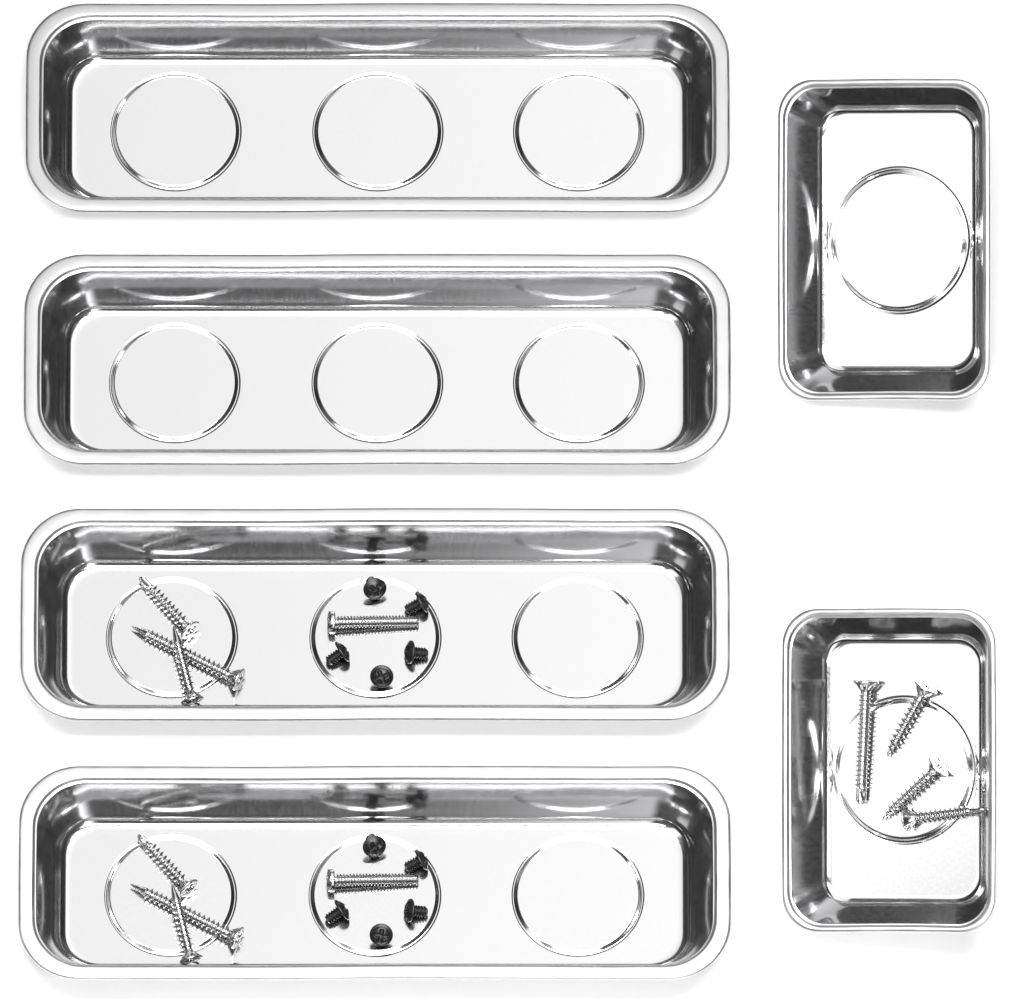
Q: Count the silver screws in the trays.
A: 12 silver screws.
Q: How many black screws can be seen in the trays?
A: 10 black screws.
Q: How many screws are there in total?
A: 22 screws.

==

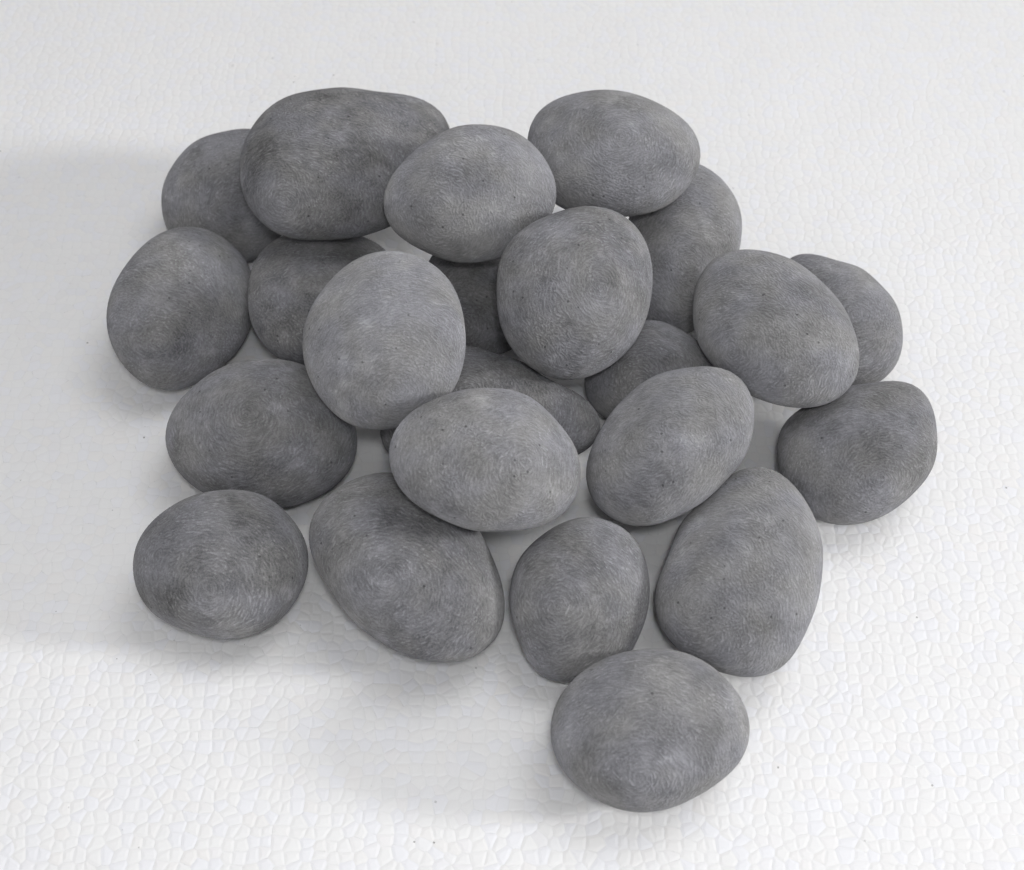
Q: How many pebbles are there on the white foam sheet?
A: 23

### [Work instruction]
Among the records above, only the lines between the line holding "Q: Count the silver screws in the trays." and the line holding "A: 22 screws.", inclusive, are to be output, exactly as written.

### [Completed exercise]
Q: Count the silver screws in the trays.
A: 12 silver screws.
Q: How many black screws can be seen in the trays?
A: 10 black screws.
Q: How many screws are there in total?
A: 22 screws.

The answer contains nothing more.